> SUPPLIED MATERIAL
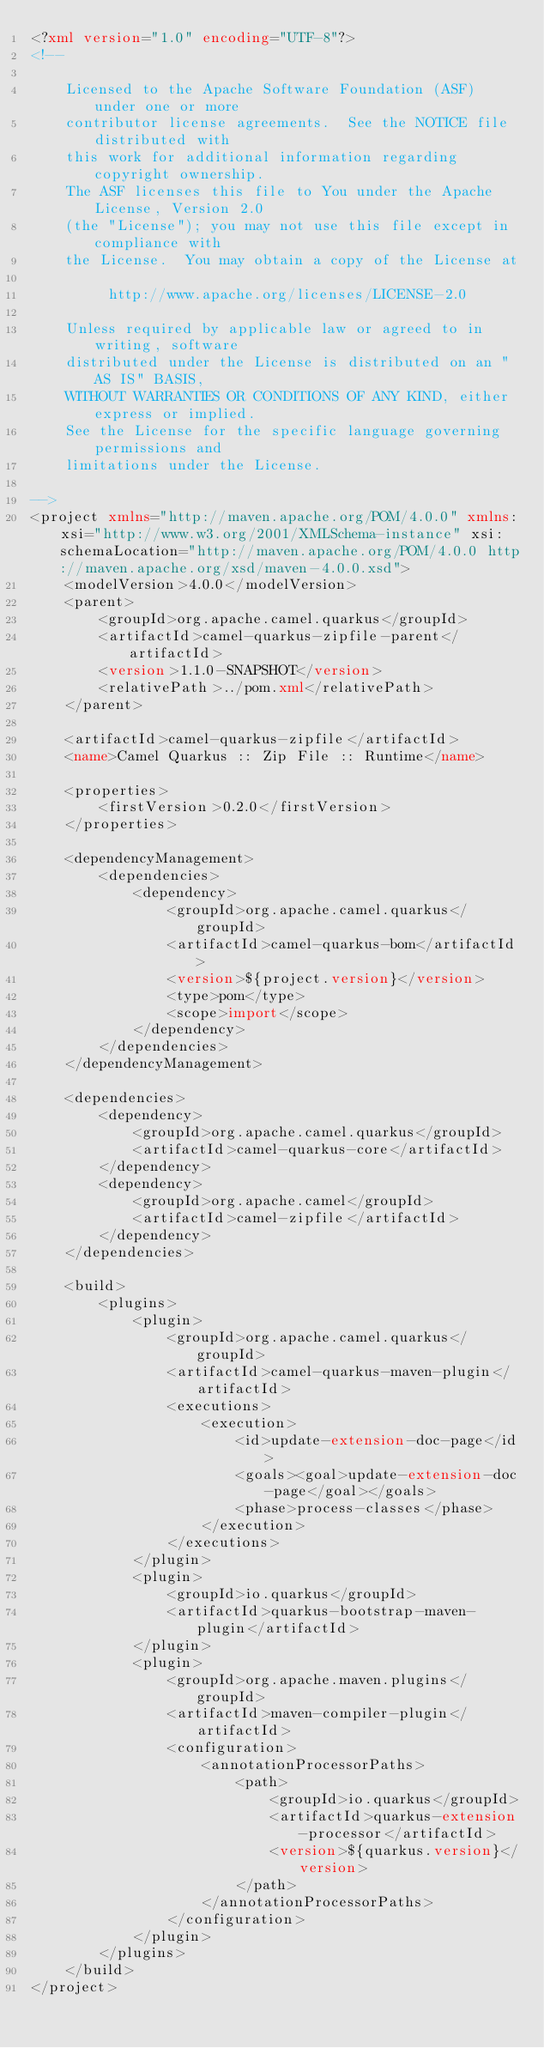<code> <loc_0><loc_0><loc_500><loc_500><_XML_><?xml version="1.0" encoding="UTF-8"?>
<!--

    Licensed to the Apache Software Foundation (ASF) under one or more
    contributor license agreements.  See the NOTICE file distributed with
    this work for additional information regarding copyright ownership.
    The ASF licenses this file to You under the Apache License, Version 2.0
    (the "License"); you may not use this file except in compliance with
    the License.  You may obtain a copy of the License at

         http://www.apache.org/licenses/LICENSE-2.0

    Unless required by applicable law or agreed to in writing, software
    distributed under the License is distributed on an "AS IS" BASIS,
    WITHOUT WARRANTIES OR CONDITIONS OF ANY KIND, either express or implied.
    See the License for the specific language governing permissions and
    limitations under the License.

-->
<project xmlns="http://maven.apache.org/POM/4.0.0" xmlns:xsi="http://www.w3.org/2001/XMLSchema-instance" xsi:schemaLocation="http://maven.apache.org/POM/4.0.0 http://maven.apache.org/xsd/maven-4.0.0.xsd">
    <modelVersion>4.0.0</modelVersion>
    <parent>
        <groupId>org.apache.camel.quarkus</groupId>
        <artifactId>camel-quarkus-zipfile-parent</artifactId>
        <version>1.1.0-SNAPSHOT</version>
        <relativePath>../pom.xml</relativePath>
    </parent>

    <artifactId>camel-quarkus-zipfile</artifactId>
    <name>Camel Quarkus :: Zip File :: Runtime</name>

    <properties>
        <firstVersion>0.2.0</firstVersion>
    </properties>

    <dependencyManagement>
        <dependencies>
            <dependency>
                <groupId>org.apache.camel.quarkus</groupId>
                <artifactId>camel-quarkus-bom</artifactId>
                <version>${project.version}</version>
                <type>pom</type>
                <scope>import</scope>
            </dependency>
        </dependencies>
    </dependencyManagement>

    <dependencies>
        <dependency>
            <groupId>org.apache.camel.quarkus</groupId>
            <artifactId>camel-quarkus-core</artifactId>
        </dependency>
        <dependency>
            <groupId>org.apache.camel</groupId>
            <artifactId>camel-zipfile</artifactId>
        </dependency>
    </dependencies>

    <build>
        <plugins>
            <plugin>
                <groupId>org.apache.camel.quarkus</groupId>
                <artifactId>camel-quarkus-maven-plugin</artifactId>
                <executions>
                    <execution>
                        <id>update-extension-doc-page</id>
                        <goals><goal>update-extension-doc-page</goal></goals>
                        <phase>process-classes</phase>
                    </execution>
                </executions>
            </plugin>
            <plugin>
                <groupId>io.quarkus</groupId>
                <artifactId>quarkus-bootstrap-maven-plugin</artifactId>
            </plugin>
            <plugin>
                <groupId>org.apache.maven.plugins</groupId>
                <artifactId>maven-compiler-plugin</artifactId>
                <configuration>
                    <annotationProcessorPaths>
                        <path>
                            <groupId>io.quarkus</groupId>
                            <artifactId>quarkus-extension-processor</artifactId>
                            <version>${quarkus.version}</version>
                        </path>
                    </annotationProcessorPaths>
                </configuration>
            </plugin>
        </plugins>
    </build>
</project>
</code> 
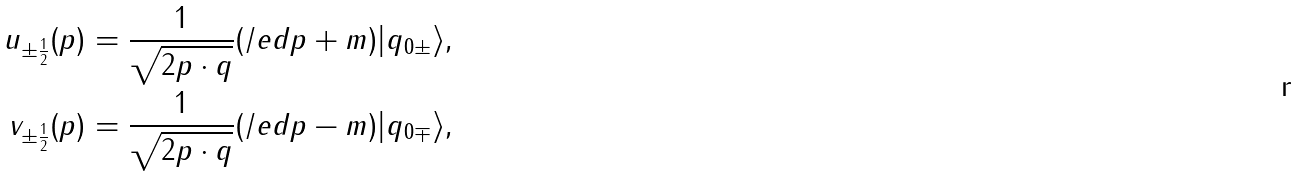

> EXERCISE
Please find every line in the listing that holds the string "annotationProcessorPaths" and copy it.

> EXERCISE RESULT
                    <annotationProcessorPaths>
                    </annotationProcessorPaths>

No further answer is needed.